Alla scuola di Tommaso e del Pievano Arlotto

La sua istruzione si svolse nella scuola pubblica, dove ricevette un insegnamento del latino sufficiente per poter leggere agevolmente la Sacra Scrittura e i Padri della Chiesa. Ma la vera formazione spirituale Filippo la ebbe tra le stanze e i chiostri del Convento domenicano di San Marco, dove era ancora vivo l’ardore mistico e il rigore di vita del Savonarola, temperato dalla placida bellezza dei dipinti del Beato Angelico. Qui inizierà a conoscere l’amata Summa Teologica di san Tommaso d’Aquino, che non smetterà mai di leggere per tutta la vita, insieme però alle Facezie del Pievano Arlotto, libro che non è certo da annoverare tra le opere di teologia ma tra i classici dell’umorismo! Arlotto Mainardi era un parroco vissuto il secolo prima a Fiesole. Aveva viaggiato molto, facendo esperienze curiose e simpatiche. Si recava spesso a Firenze a trovare gli amici, con i quali passava il tempo intrattenendoli con le sue storielle. Il vescovo di Firenze si insospettì del clamore causato dal Pievano e ordinò un’inchiesta sulla vita del sacerdote. Il risultato fu la piena assoluzione: Arlotto era la bontà in persona e tutti coloro che avevano bisogno non tornavano da lui a mani vuote. Conquistava la gente con il sorriso e con la sua ilarità riportava la pace grazie a una risata liberatoria. Filippo imparerà molto dal Pievano e userà l’umorismo allo stesso modo: non per deridere o insultare, ma per correggere benevolmente i fratelli, invitandoli a ridere saggiamente dei propri difetti.

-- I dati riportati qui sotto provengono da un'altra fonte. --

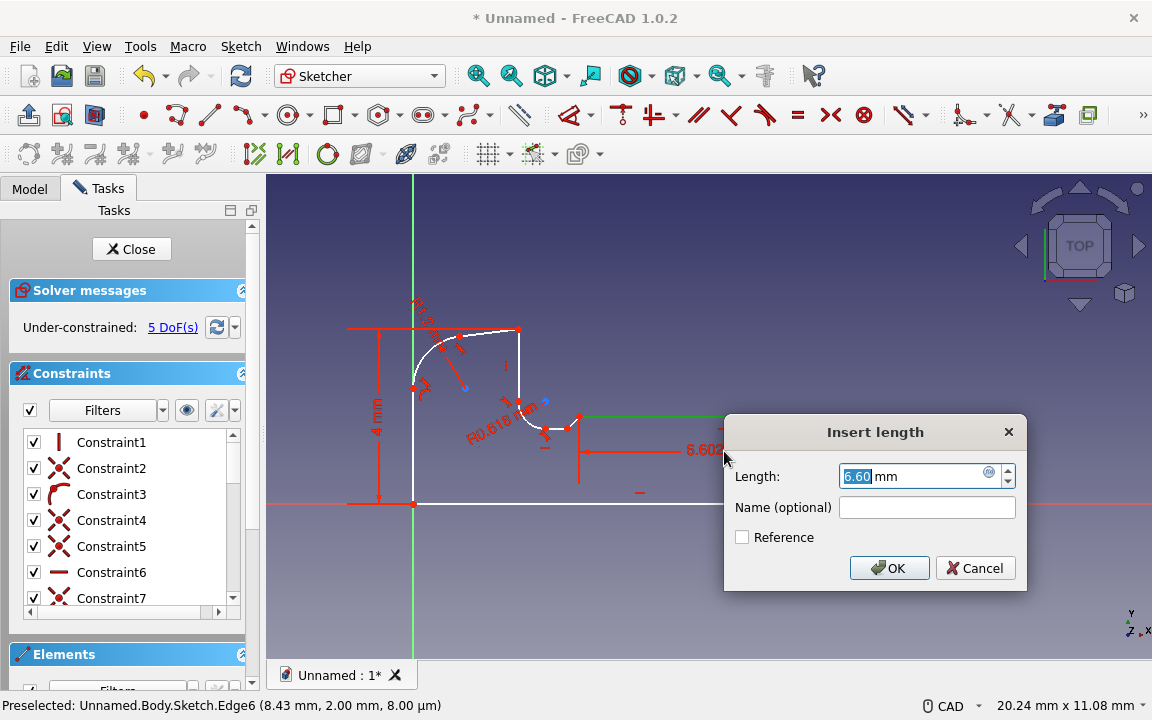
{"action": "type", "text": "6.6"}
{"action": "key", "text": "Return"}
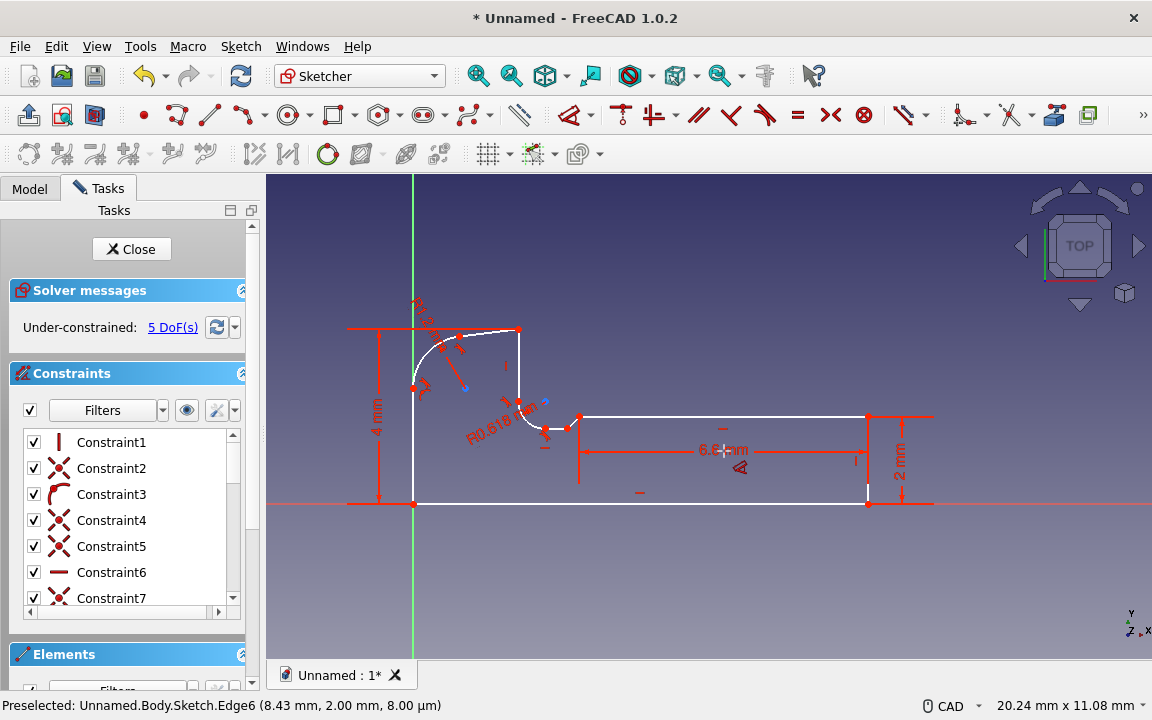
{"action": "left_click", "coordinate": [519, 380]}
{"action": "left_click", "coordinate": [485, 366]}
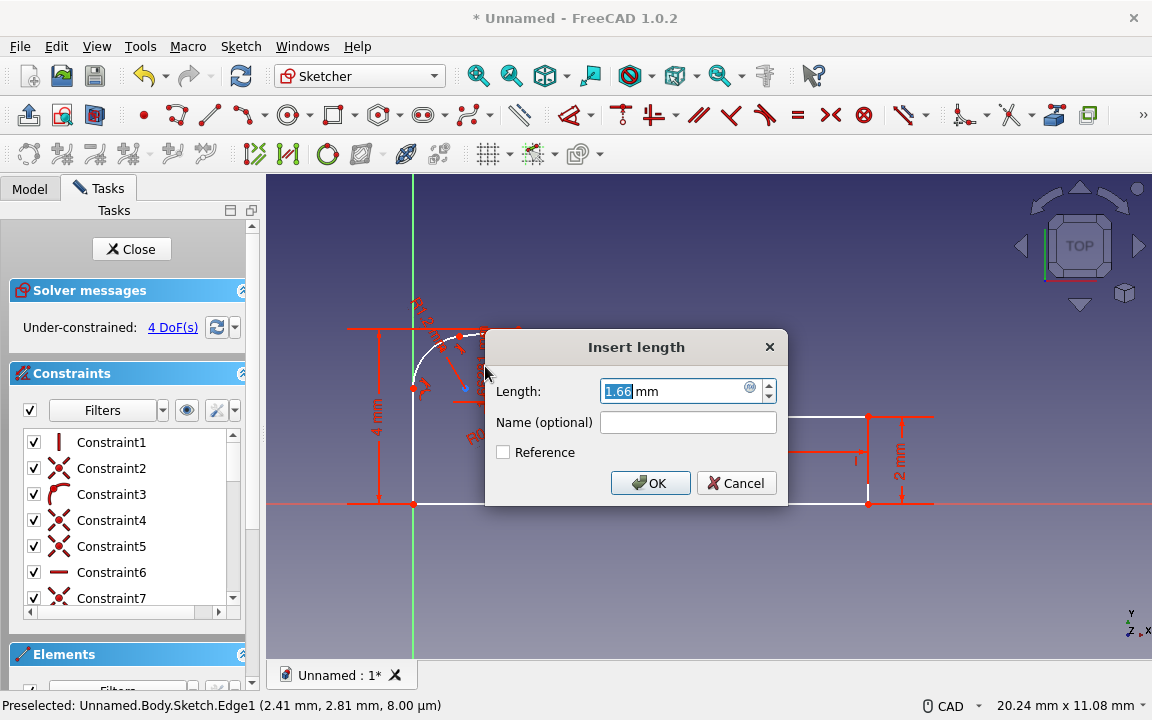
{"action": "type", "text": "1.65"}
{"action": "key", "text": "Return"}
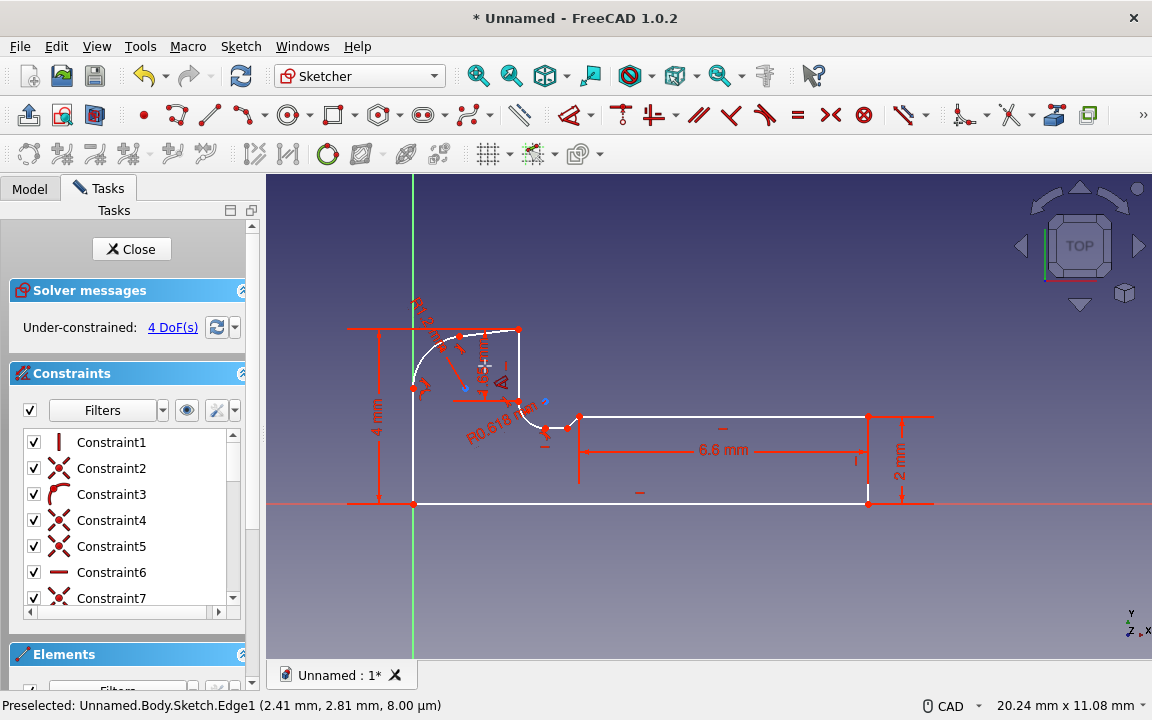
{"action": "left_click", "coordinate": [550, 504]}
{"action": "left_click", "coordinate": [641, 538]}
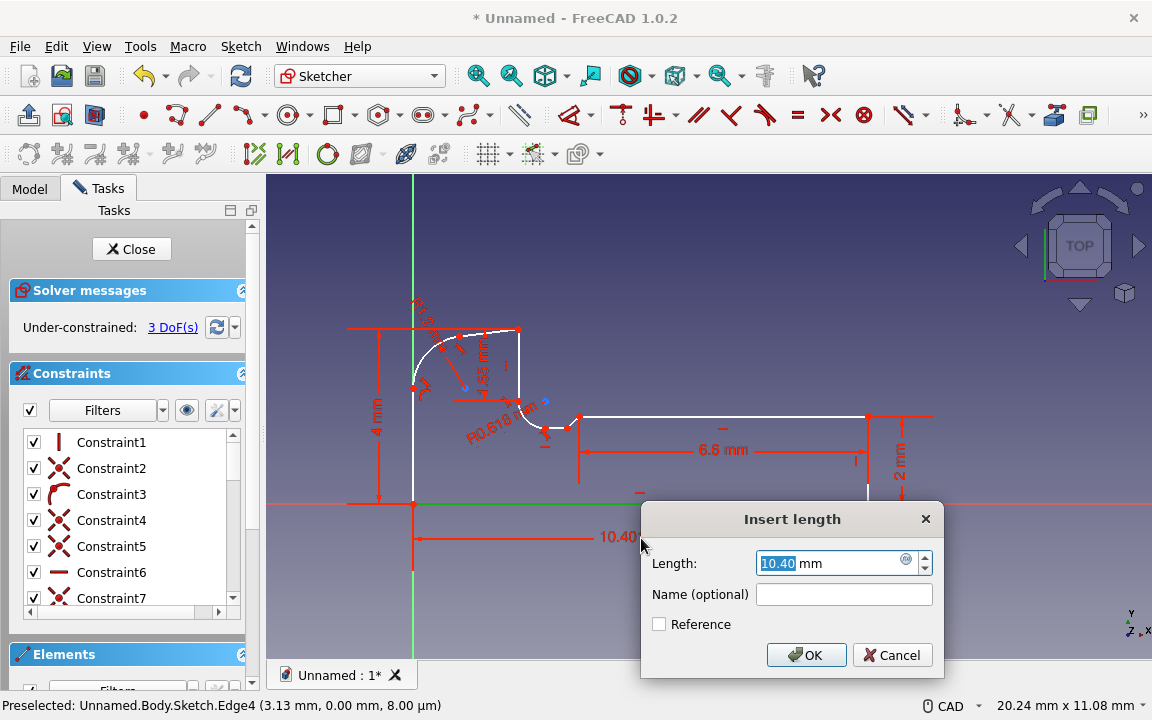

Un altro amore del giovane Filippo fu quello per le Laudi di Jacopone da Todi. Questo poema, scritto per la maggior parte in dialetto umbro, era un messaggio mistico facilmente accessibile al popolo, carico di sentimento e di spiritualità. Il Santo, quando avrà avviato a Roma l’Oratorio, lo farà musicare e cantare dai suoi discepoli.

Firenze rimarrà sempre nel cuore del Santo, sebbene diventato romano di adozione dopo sessant’anni di vita nella “Città Eterna”: Siccome egli era fiorentino, così haveva caro che gli altri sapessero ch’ei fusse”. Ricorderà con nostalgia il periodo trascorso alla scuola dei domenicani e dirà spesso che tutto ciò che aveva imparato di buono l’aveva appreso dai frati di San Marco. Del fiorentino rimase sempre in Filippo la natura, su cui lo Spirito di Dio poggiò le sue ali. Ha ragione il  Papini a dire: “Lo chiamino pure l’Apostolo di Roma e lo venerino come santo universale, ma sta il fatto che egli deve la sua originalità all’impronta incancellabile della sua nascita fiorentina. Nessun santo ha riso e fatto ridere al par di lui e a nessun santo, come a lui, si può applicare la famosa definizione dantesca “fiorentino spirito bizzarro”. San Filippo, insomma, è un ragazzo fiorentino che s’è innalzato fino ai vertici della santità, rimanendo in parte quel che era, cioè fanciullo e faceto”.